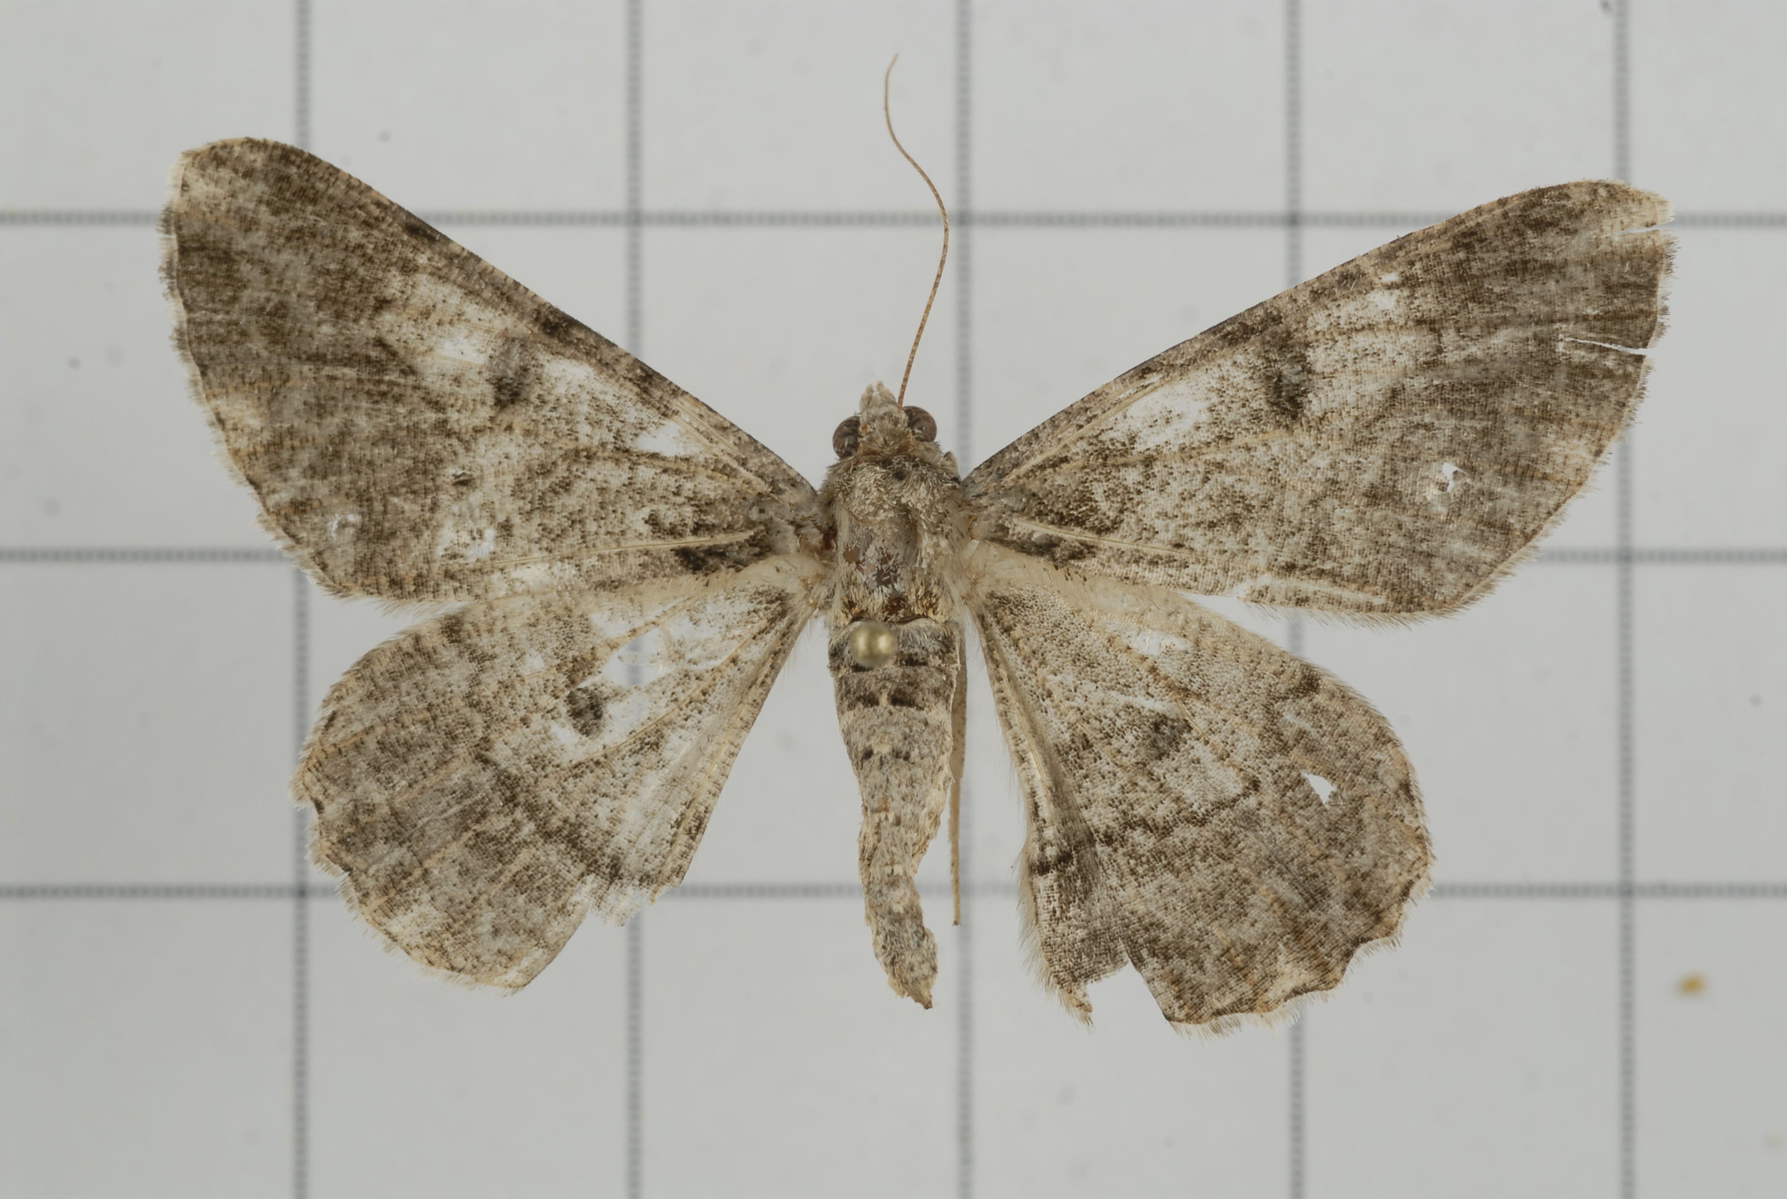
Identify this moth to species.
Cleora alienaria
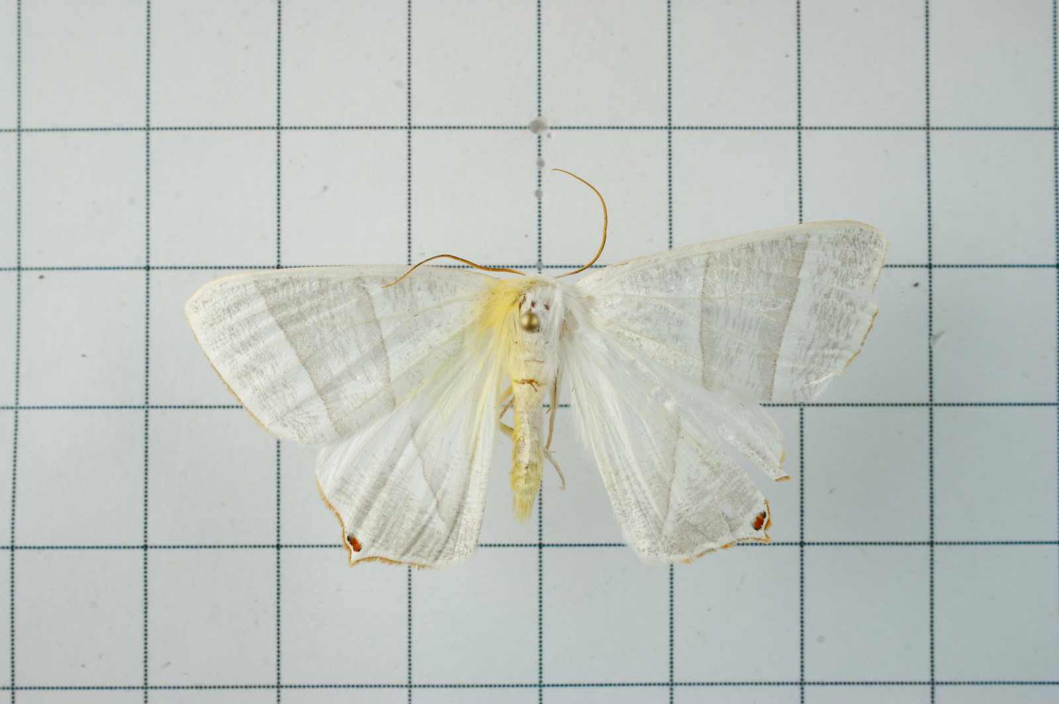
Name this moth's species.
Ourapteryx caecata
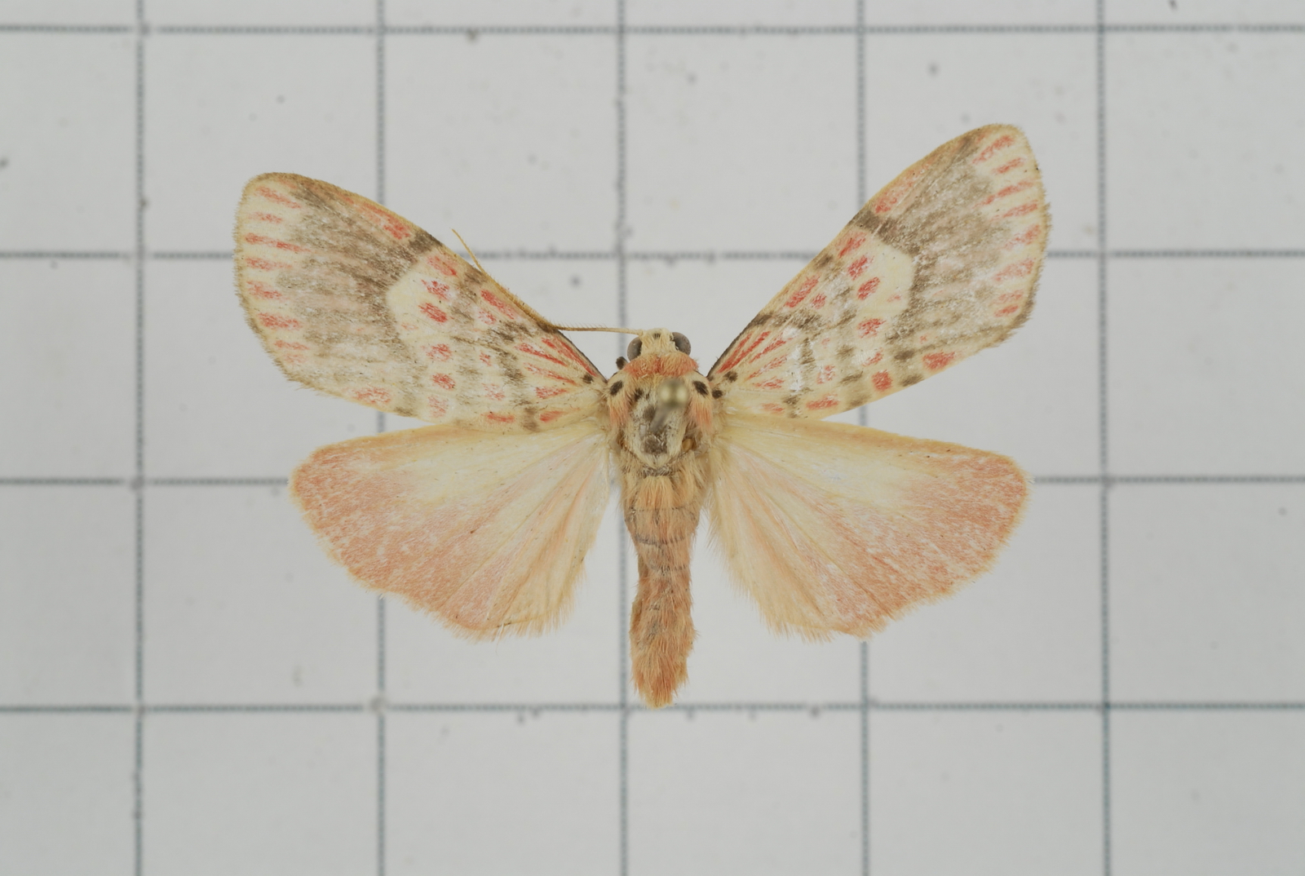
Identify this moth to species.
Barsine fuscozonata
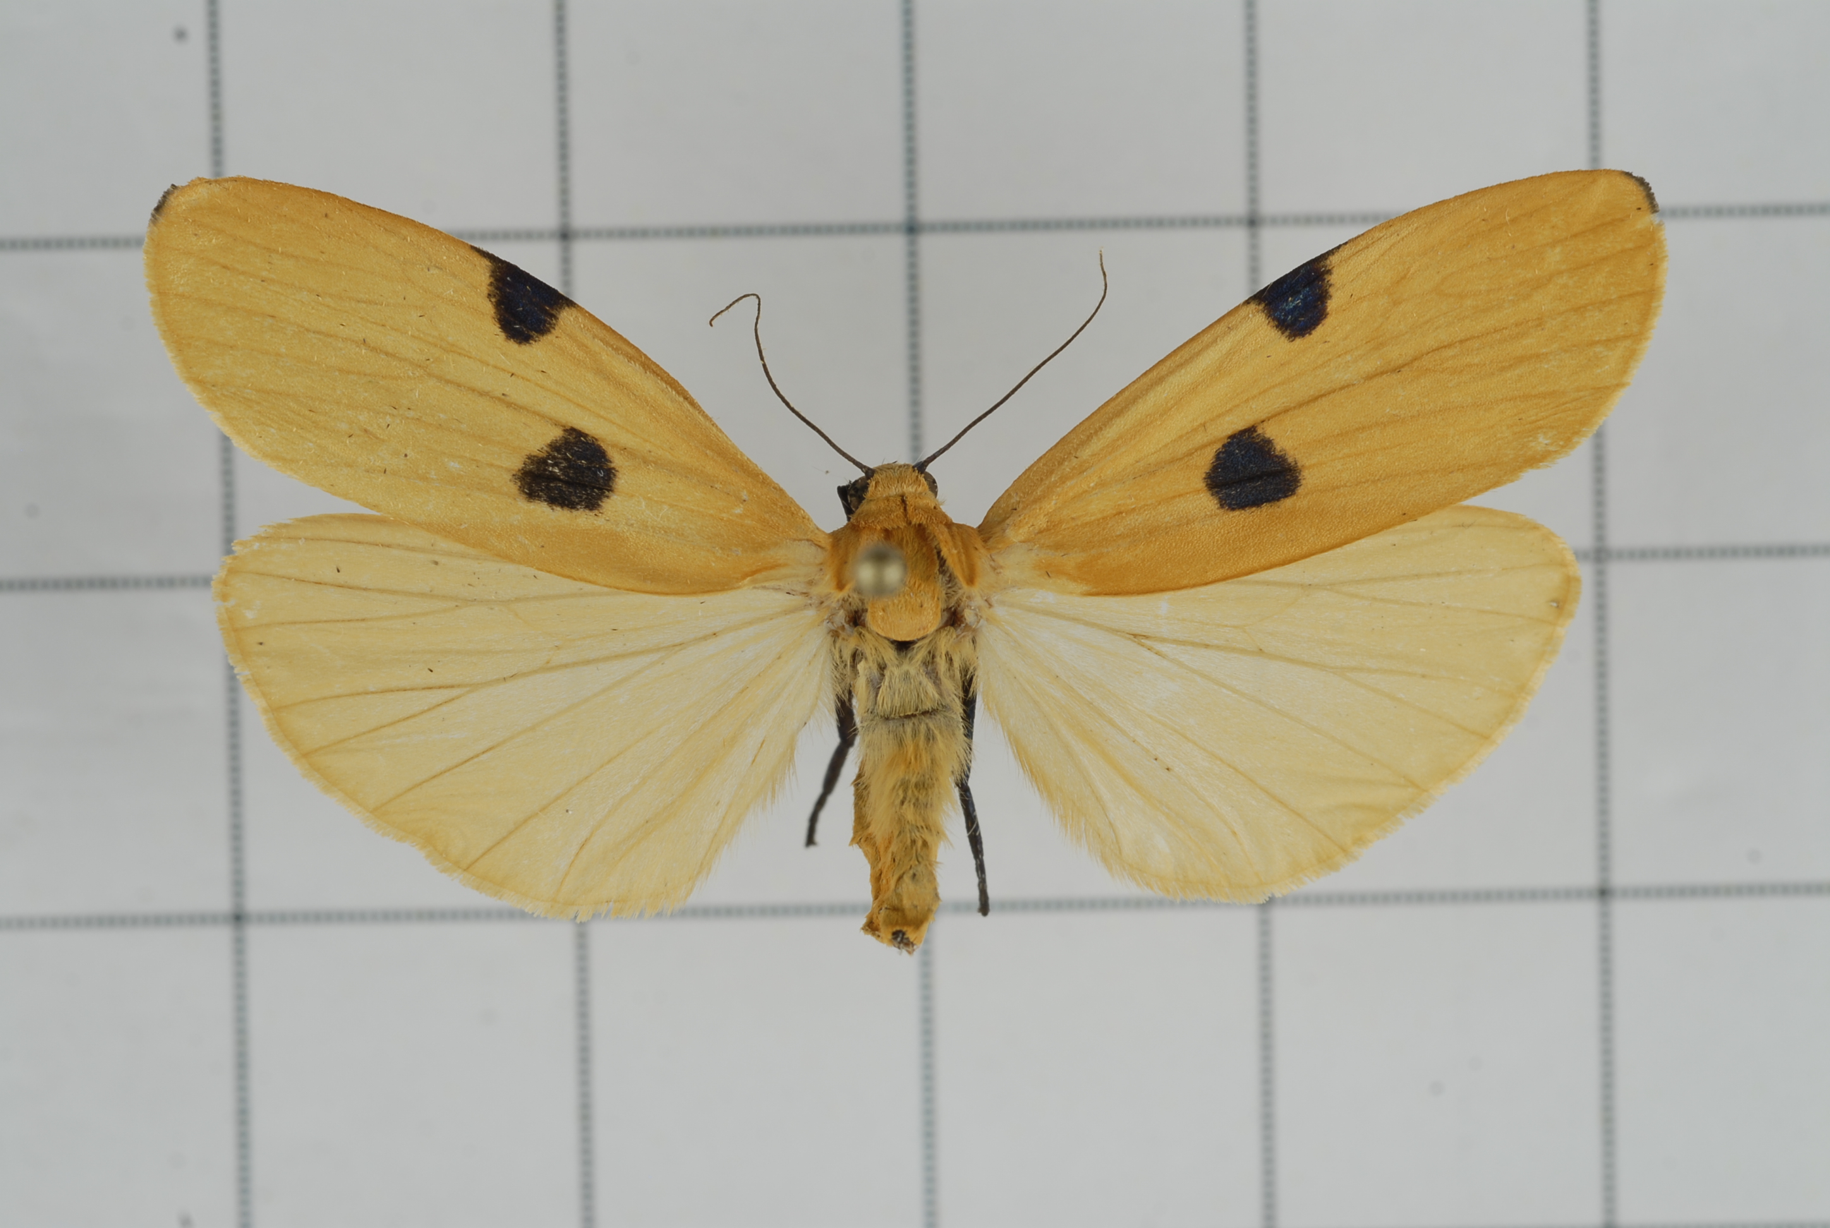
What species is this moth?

■ **What to do**
Repeat the records above word for word. Pictures stay out of the copy.

■ **Task response**
Identify this moth to species.
Cleora alienaria
Name this moth's species.
Ourapteryx caecata
Identify this moth to species.
Barsine fuscozonata
What species is this moth?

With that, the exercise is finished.